The following are 2024 growth expectations over the company’s 2023 results:

  • It now expects revenue to increase in the 4 percent to 6 percent range (previously it expected 6 percent to 7 percent)
  • It now expects adjusted EBITDA to increase in the 7 percent to 9 percent range (previously it expected 10 percent to 11 percent)

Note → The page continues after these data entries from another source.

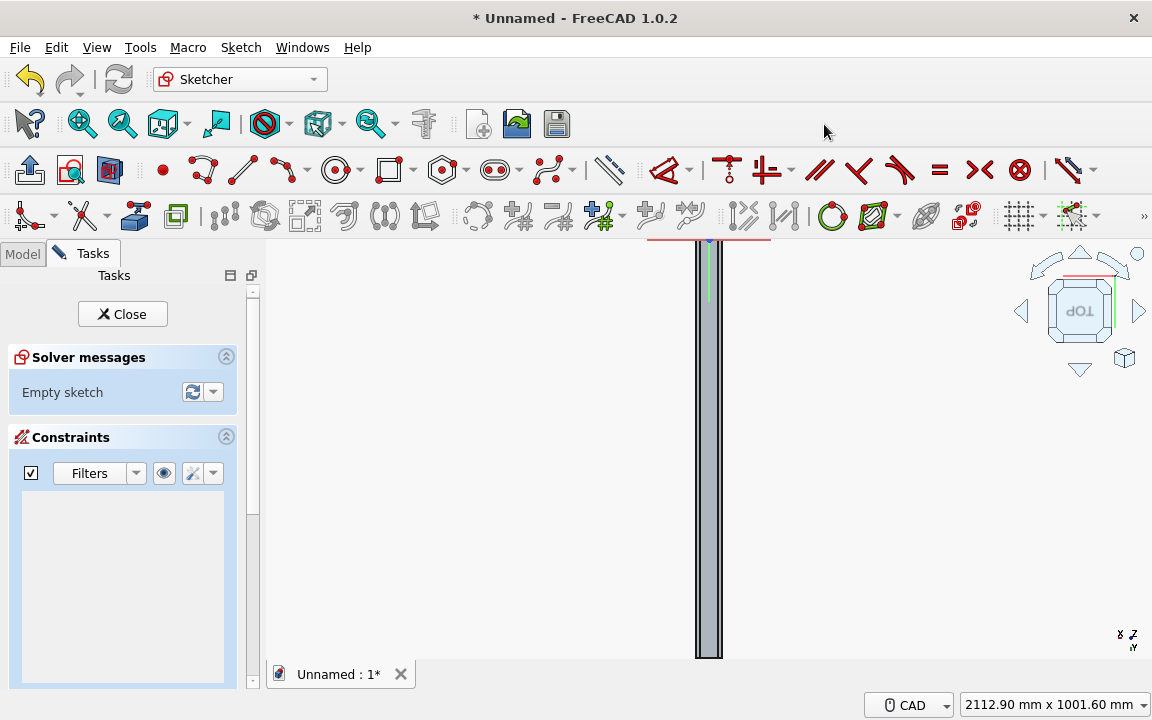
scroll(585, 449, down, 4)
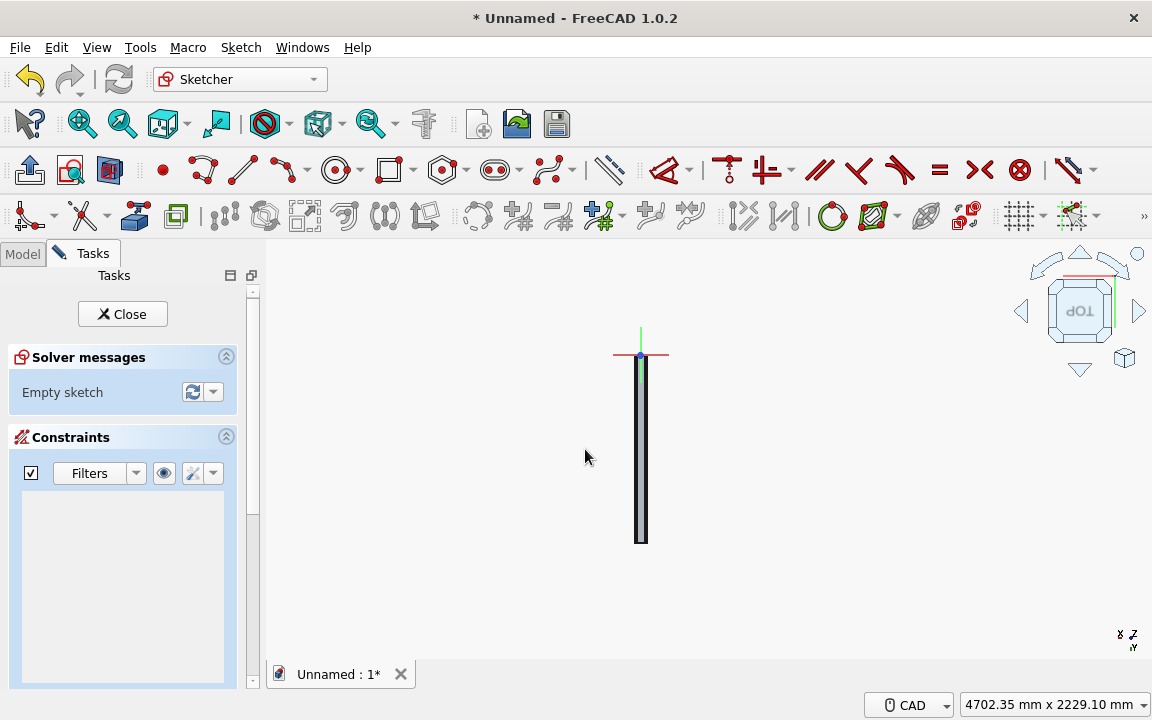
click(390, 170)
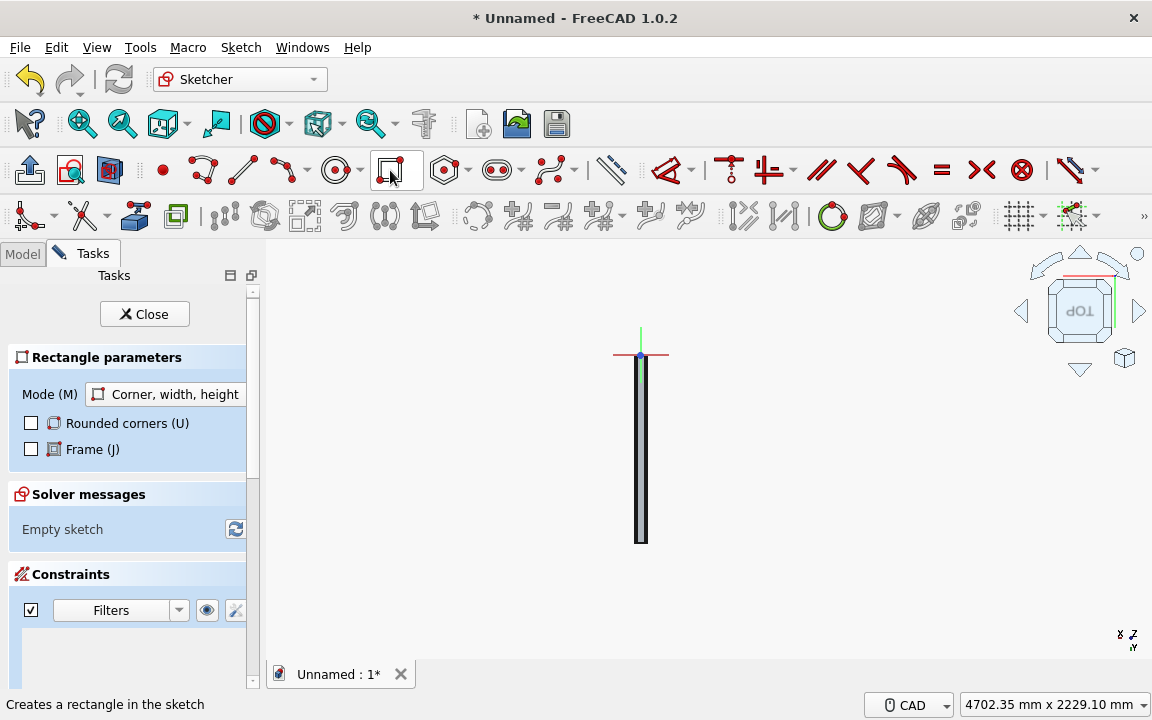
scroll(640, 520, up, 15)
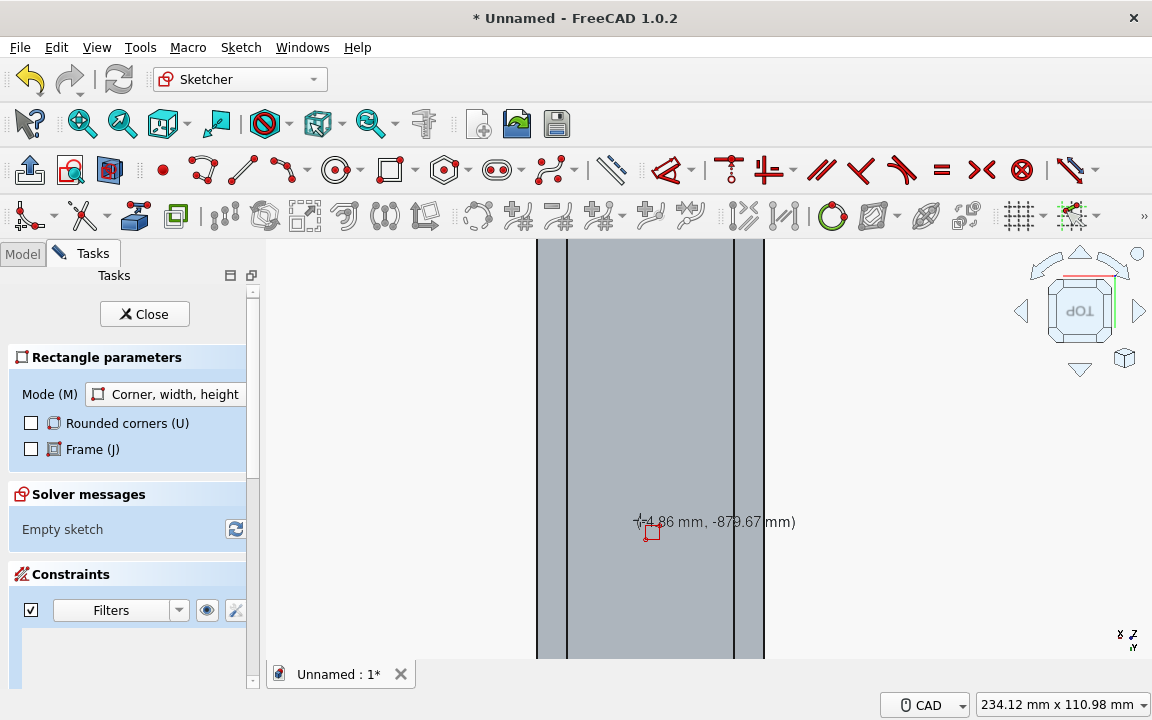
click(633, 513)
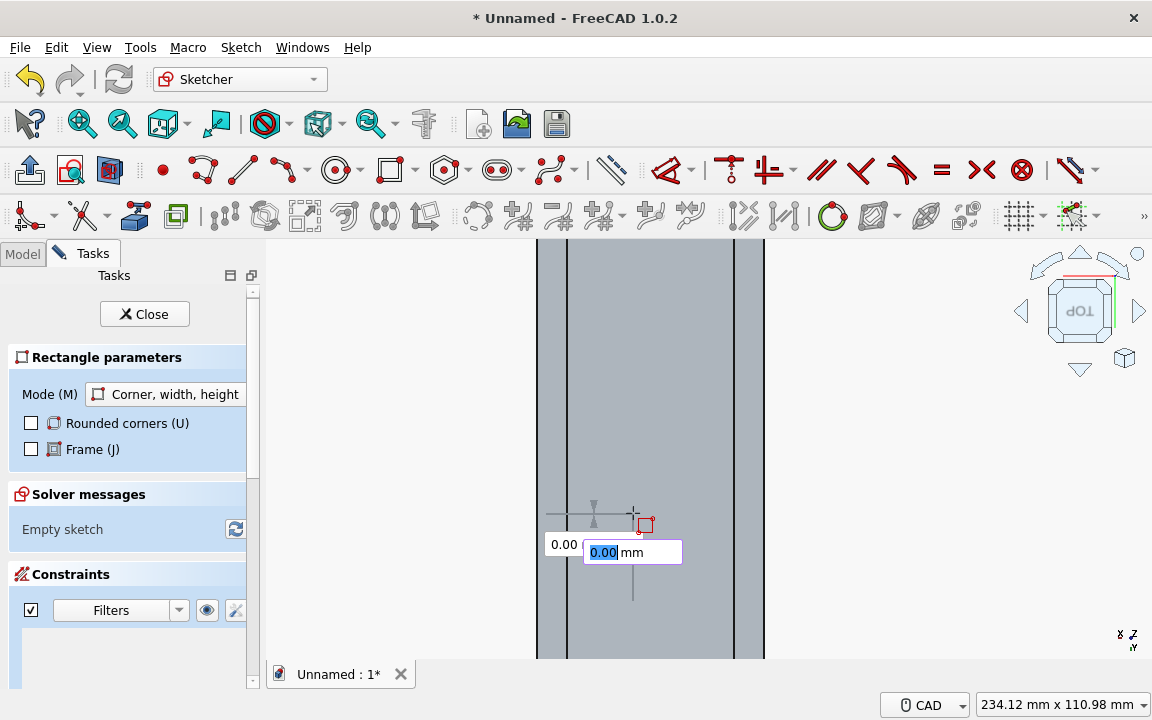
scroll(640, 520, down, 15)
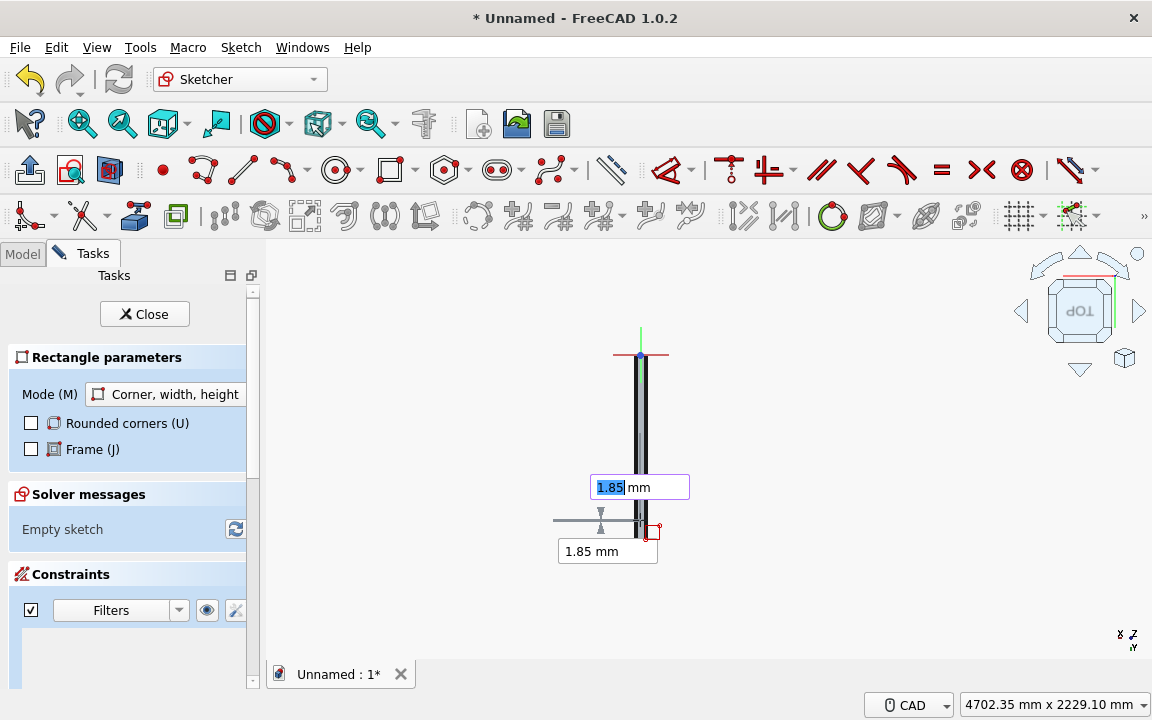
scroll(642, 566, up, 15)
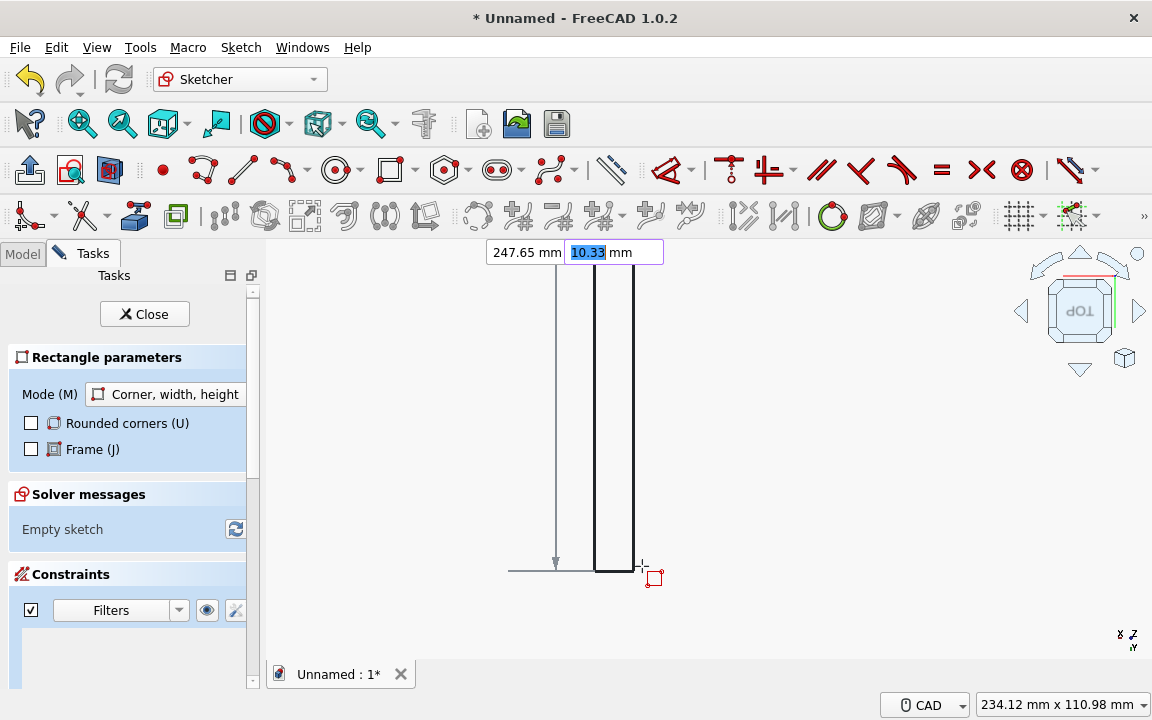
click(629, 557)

  • It now expects adjusted net income to increase in the 6 percent to 8 percent range (previously it expected 9 percent to 10 percent)
  • It now expects adjusted net income per share, diluted to increase in the 7 percent to 9 percent range (previously it expected 10 percent to 11 percent), based on adjusted diluted weighted-average shares outstanding of approximately 88.0 million, inclusive of one million shares repurchased in 2024.
  • The company continues to expect 2024 net interest expense to be approximately $70.0 million. It also expects capital expenditures to increase approximately 25 percent driven by additional stores in our corporate-owned portfolio and depreciation and amortization to increase in the 11 percent to 12 percent range.